Central Election Commission
- CEC Logo

Election commission overview
- Formed: 18 April 2000; 26 years ago
- Jurisdiction: Republic of Kosovo
- Status: Independent regulatory agency
- Headquarters: Pristina, Kosovo
- Election commission executives: Commissioner, Kreshnik Radoniqi; Deputy Commissioner, Valmir Elezi;
- Website: kqz-ks.org

= Central Election Commission (Kosovo) =

Independent body overseeing elections in Kosovo

The Central Election Commission (Komisioni Qendror i Zgjedhjeve, Централна Изборна Комисија), abbreviated in English as CEC, in Albanian as KQZ and in Serbian as ЦИК/CIK, is the permanent, independent, non-partisan election commission responsible for conducting parliamentary, local elections, and referendums in the Republic of Kosovo. It also oversees political parties, government bodies, and the media to ensure electoral laws are upheld.

The commission consists of the Commissioner, the Deputy Commissioner, the Regulatory Commission, and the Commission for Complaints and Sanctions.

==Responsibilities and objectives==
CEC's main objective is to ensure free, fair, and transparent elections. Responsibilities include:
- Organizing general and local elections, as well as referendums.
- Certifying political parties and candidates for elections.
- Monitoring campaign financing and political party funding.
- Training electoral staff and local commission members.
- Informing the public about electoral processes.

CEC also supervises local election commissions and has authority to enforce the Electoral Code.

==Organization==
The Central Election Commission was originally established by the amended UNMIK Regulation 2000/21 of 18 April 2000 and was responsible for administering elections in Kosovo. The chairperson was the Deputy Special Representative of the Secretary-General (PSSP) for Institution Building, Head of the OSCE Mission, Ambassador Werner Wnendt. Two of the local commissioners were non-political and represented NGOs focused on human rights and persons with physical and mental disabilities. Commissioners were appointed based on professional qualifications, as the work of the CEC was technical, independent, and neutral. Decisions were taken by consensus, and if consensus was not reached, the chairperson could take the final and binding decision.

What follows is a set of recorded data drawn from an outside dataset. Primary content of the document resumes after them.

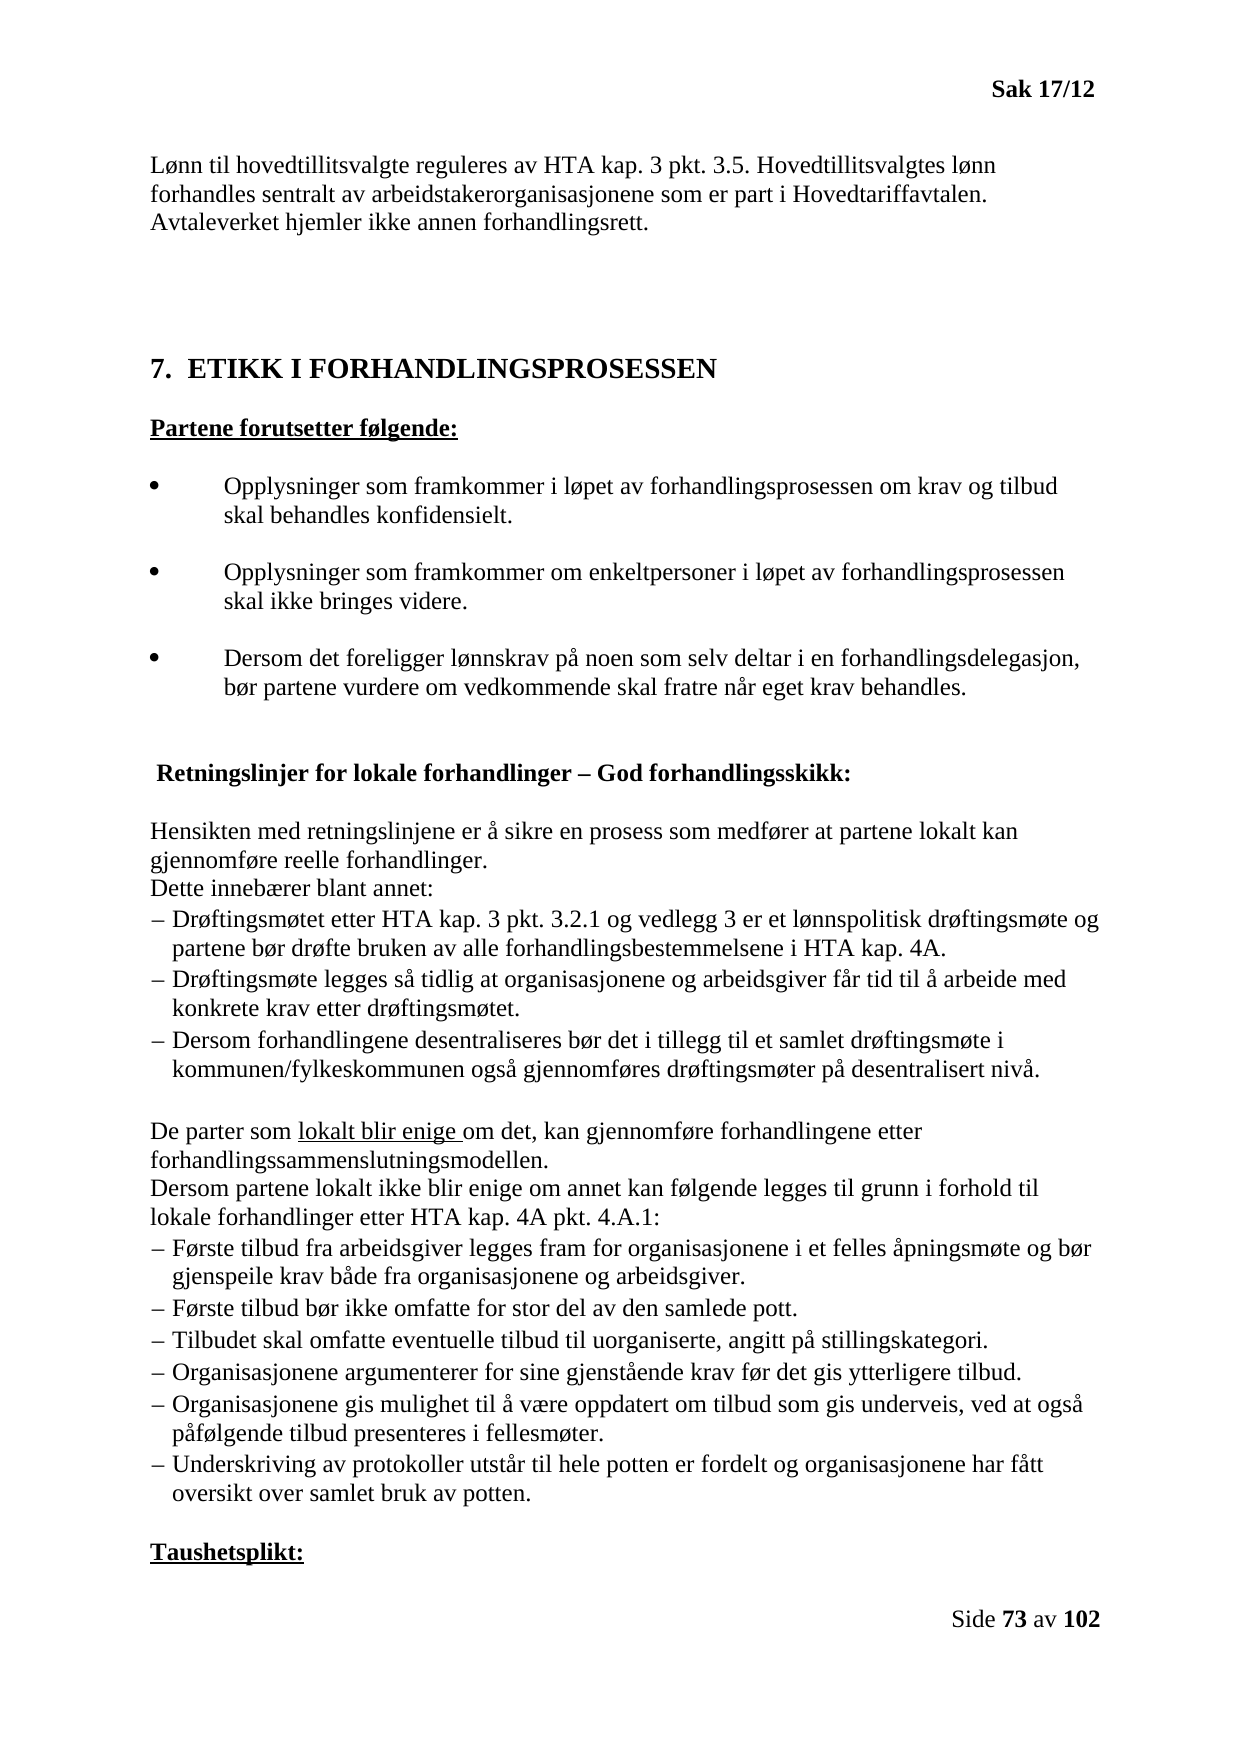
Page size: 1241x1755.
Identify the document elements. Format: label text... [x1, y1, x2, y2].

text Dersom partene lokalt ikke blir enige om annet kan følgende legges til grunn i forhold til lokale forhandlinger etter HTA kap. 4A pkt. 4.A.1: [150, 1173, 1100, 1231]
table_cell Drøftingsmøte legges så tidlig at organisasjonene og arbeidsgiver får tid til å arbeide med konkrete krav etter drøftingsmøtet. [170, 963, 1110, 1023]
table_header Første tilbud fra arbeidsgiver legges fram for organisasjonene i et felles åpningsmøte og bør gjenspeile krav både fra organisasjonene og arbeidsgiver. [170, 1231, 1110, 1292]
text Partene forutsetter følgende: [150, 413, 1100, 442]
list Dersom det foreligger lønnskrav på noen som selv deltar i en forhandlingsdelegasjon, bør partene vurdere om vedkommende skal fratre når eget krav behandles. [150, 643, 1100, 701]
text De parter som lokalt blir enige om det, kan gjennomføre forhandlingene etter forhandlingssammenslutningsmodellen. [150, 1116, 1100, 1173]
table_header Drøftingsmøtet etter HTA kap. 3 pkt. 3.2.1 og vedlegg 3 er et lønnspolitisk drøftingsmøte og partene bør drøfte bruken av alle forhandlingsbestemmelsene i HTA kap. 4A. [170, 902, 1110, 963]
table_cell – [150, 963, 170, 1023]
table_cell – [150, 1024, 170, 1084]
table_cell [150, 1084, 170, 1116]
text Taushetsplikt: [150, 1537, 1100, 1566]
text Hensikten med retningslinjene er å sikre en prosess som medfører at partene lokalt kan gjennomføre reelle forhandlinger. [150, 816, 1100, 873]
text Retningslinjer for lokale forhandlinger – God forhandlingsskikk: [150, 758, 1100, 787]
list ETIKK I FORHANDLINGSPROSESSEN [150, 351, 1100, 385]
table_cell – [150, 1448, 170, 1508]
table_cell Tilbudet skal omfatte eventuelle tilbud til uorganiserte, angitt på stillingskategori. [170, 1324, 1110, 1355]
text Dette innebærer blant annet: [150, 873, 1100, 902]
table_cell Dersom forhandlingene desentraliseres bør det i tillegg til et samlet drøftingsmøte i kommunen/fylkeskommunen også gjennomføres drøftingsmøter på desentralisert nivå. [170, 1024, 1110, 1084]
table_cell [170, 1084, 1110, 1116]
table_header – [150, 1231, 170, 1292]
table_header – [150, 902, 170, 963]
list Opplysninger som framkommer om enkeltpersoner i løpet av forhandlingsprosessen skal ikke bringes videre. [150, 557, 1100, 615]
table_cell – [150, 1355, 170, 1387]
table_cell Organisasjonene argumenterer for sine gjenstående krav før det gis ytterligere tilbud. [170, 1355, 1110, 1387]
table_cell – [150, 1387, 170, 1448]
table_cell – [150, 1292, 170, 1323]
table_cell Første tilbud bør ikke omfatte for stor del av den samlede pott. [170, 1292, 1110, 1323]
list Opplysninger som framkommer i løpet av forhandlingsprosessen om krav og tilbud skal behandles konfidensielt. [150, 471, 1100, 528]
text Lønn til hovedtillitsvalgte reguleres av HTA kap. 3 pkt. 3.5. Hovedtillitsvalgtes lønn forhandles sentralt av arbeidstakerorganisasjonene som er part i Hovedtariffavtalen. Avtaleverket hjemler ikke annen forhandlingsrett. [150, 150, 1100, 236]
table_cell Organisasjonene gis mulighet til å være oppdatert om tilbud som gis underveis, ved at også påfølgende tilbud presenteres i fellesmøter. [170, 1387, 1110, 1448]
table_cell – [150, 1324, 170, 1355]
table_cell Underskriving av protokoller utstår til hele potten er fordelt og organisasjonene har fått oversikt over samlet bruk av potten. [170, 1448, 1110, 1508]
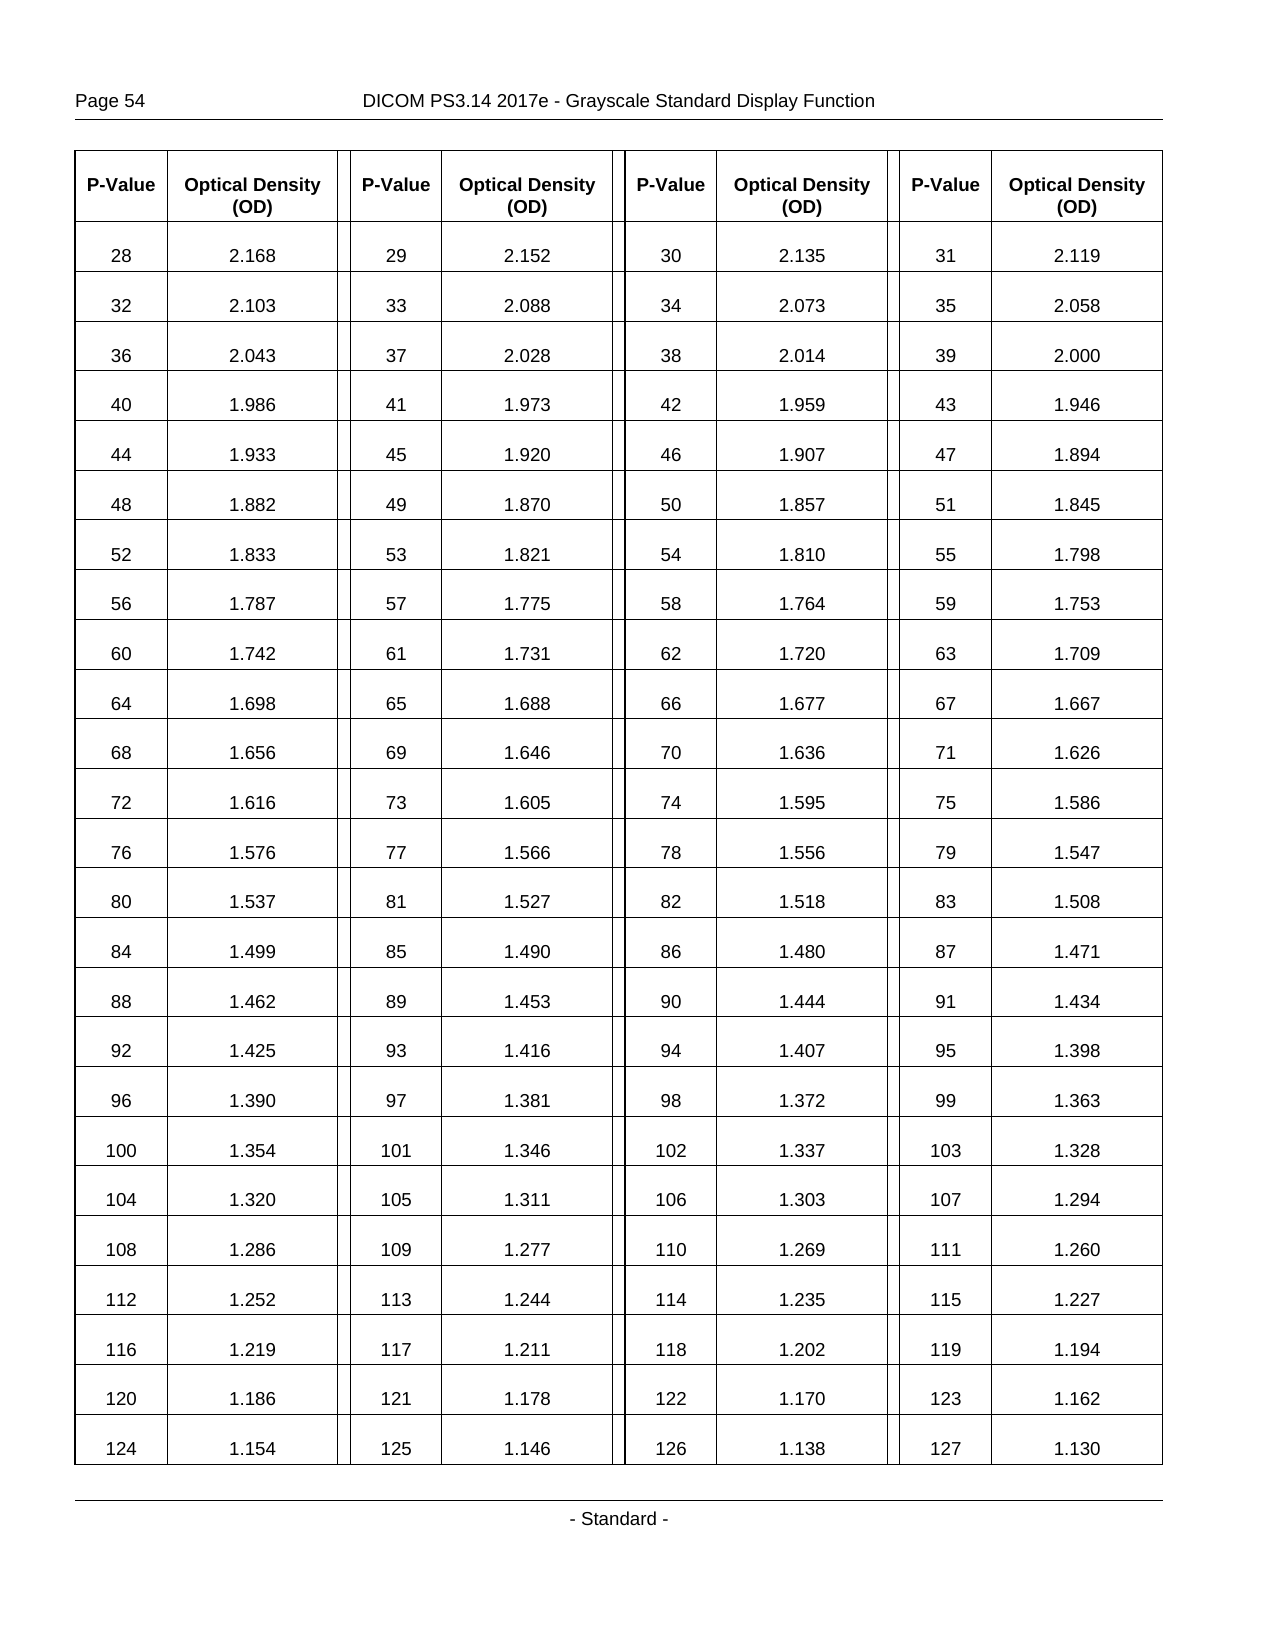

After the declaration of Kosovo's independence, the CEC was established in accordance with Article 139 of the Constitution of Kosovo and functions as a permanent and independent body.

===Composition===
CEC consists of eleven (11) members: the Commissioner and ten (10) additional members.
- The Commissioner is appointed by the President of Kosovo and is selected among judges of the Supreme Court. The term of the Commissioner is seven (7) years, starting from the official appointment notification.
- The other ten members are appointed based on nominations from the six (6) largest parliamentary groups of the Assembly of Kosovo, and four (4) members represent the minority communities in Kosovo.

===Councils of the CEC===
For internal management, CEC has established five (5) permanent councils, each responsible for specific areas and reporting recommendations, reports, and conclusions to the full commission:
- Council for External Relations
- Council for Personnel
- Council for Budget and Finance
- Council for Legal Affairs
- Council for Electoral Operations

===Secretariat===
The Secretariat supports CEC in executing its responsibilities, implements commission decisions, prepares reports and recommendations, and provides necessary administrative assistance. It also assists CEC in performing its functions in compliance with electoral regulations.

===Office for Political Party Registration===
The Office for Political Party Registration operates as part of the Secretariat and is responsible for the registration and monitoring of political parties.

===Commissioner===
The Commissioner directs the civil service of CEC, represents the commission, and monitors all electoral subjects, government bodies, and media organizations.

Responsibilities include:
- Day-to-day administration of the commission
- Supervising electoral procedures
- Appointing and dismissing members of local election commissions
- Organizing and conducting elections
- Monitoring party finances and public institutions during campaigns
- Informing the public
- Administering the CEC budget
- Reporting to the Assembly of Kosovo

===Deputy Commissioner===
The Deputy Commissioner assists the Commissioner and oversees specific tasks, including election technology implementation and administrative support.

===Regulatory Commission===
Composed of five (5) members appointed by the Assembly of Kosovo, responsible for passing regulations, overseeing election conduct, monitoring media, and enforcing compliance with electoral laws.

===Commission for Complaints and Sanctions===
A collegial body of five (5) members, handling complaints against the Commissioner, local commissions, or electoral subjects. It has authority to invalidate election results in specific cases and impose sanctions.